Young companies that want to consider an incubator lease should know that just as different landlords operate differently, so do different incubators. At the MEC, tenants sign one-year leases, which provides flexibility on both ends. Rents start at $8 per square foot and then gradually rise because the facility eventually wants to bring rents up toward market rates. “After three years, you should be paying about $8.50 per square foot,” Hole said.

Before tenants graduate, the facilities also require that they provide information on job creation and finances, so that progress can be recorded. 

At MSI, tenants sign longer leases of up to five years with variable lease rates, depending on the space. At this second-stage incubator, lease rates start at $9 per square foot and rise from there.

“We have an application process, and applicants need to present a current business plan,” Hole explained. “I work with them to get it in good shape to present to the Business Development Committee, and they meet with that committee. We are looking at things like job creation potential, business idea, and good credit history.”

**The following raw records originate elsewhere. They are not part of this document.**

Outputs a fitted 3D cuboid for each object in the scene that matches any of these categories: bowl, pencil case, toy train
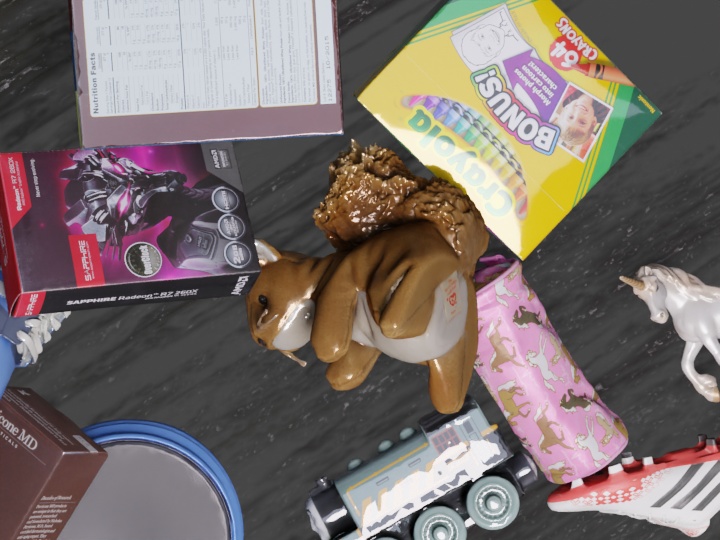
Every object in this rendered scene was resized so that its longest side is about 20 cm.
[{"bbox_3d":[-0.199,0.229,1.557,0.199,0.039,0.202,-1,97,-7],"label":"bowl"},{"bbox_3d":[0.147,0.084,1.557,0.083,0.087,0.200,-32,101,12],"label":"pencil case"},{"bbox_3d":[0.051,0.193,1.565,0.199,0.085,0.114,-30,88,0],"label":"toy train"}]

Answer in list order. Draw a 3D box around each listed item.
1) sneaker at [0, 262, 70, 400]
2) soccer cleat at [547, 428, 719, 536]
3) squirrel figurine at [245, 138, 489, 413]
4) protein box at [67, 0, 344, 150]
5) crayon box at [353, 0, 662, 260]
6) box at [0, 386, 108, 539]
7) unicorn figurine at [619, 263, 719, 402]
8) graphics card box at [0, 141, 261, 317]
[{"bbox_3d":[-0.243,0.021,1.472,0.146,0.081,0.201,3,63,-4],"label":"sneaker"},{"bbox_3d":[0.264,0.198,1.594,0.199,0.069,0.086,-13,94,-10],"label":"soccer cleat"},{"bbox_3d":[0.000,0.000,1.495,0.186,0.142,0.201,6,68,32],"label":"squirrel figurine"},{"bbox_3d":[-0.124,-0.170,1.433,0.199,0.199,0.136,-3,97,-6],"label":"protein box"},{"bbox_3d":[0.123,-0.140,1.537,0.200,0.058,0.173,43,91,-10],"label":"crayon box"},{"bbox_3d":[-0.307,0.205,1.497,0.100,0.075,0.201,35,97,24],"label":"box"},{"bbox_3d":[0.318,0.043,1.584,0.199,0.074,0.138,-19,90,-18],"label":"unicorn figurine"},{"bbox_3d":[-0.188,-0.035,1.448,0.199,0.051,0.126,-4,65,-22],"label":"graphics card box"}]

Hyer noted that incubators can make available small increments of space, with flexible lease terms and affordable security deposits. “You’ve got either a lease that you can cancel relatively quickly, in 30 to 60 days, or year to year,” he explained. “The flexibility is important in terms of the amount of space and lease terms. You look at all of your costs and make a comprehensive, single payment, and you understand all your little incremental payments and the variety of service, depending on the way it’s structured. There are 15 different ways, if not more, to structure these arrangements, so you just need to understand the objectives of the group that is operating the facility.”

The lease rates usually are dependent on the number of services required. “Either all of the services that you have are available as part of a standard lease payment, or they are delivered a la carte, where you would pay for the use of a conference room or use of the Internet, or pay for copier charges, or the strategic business advisor, but you have to understand what is being offered, what is included, and what is extra.”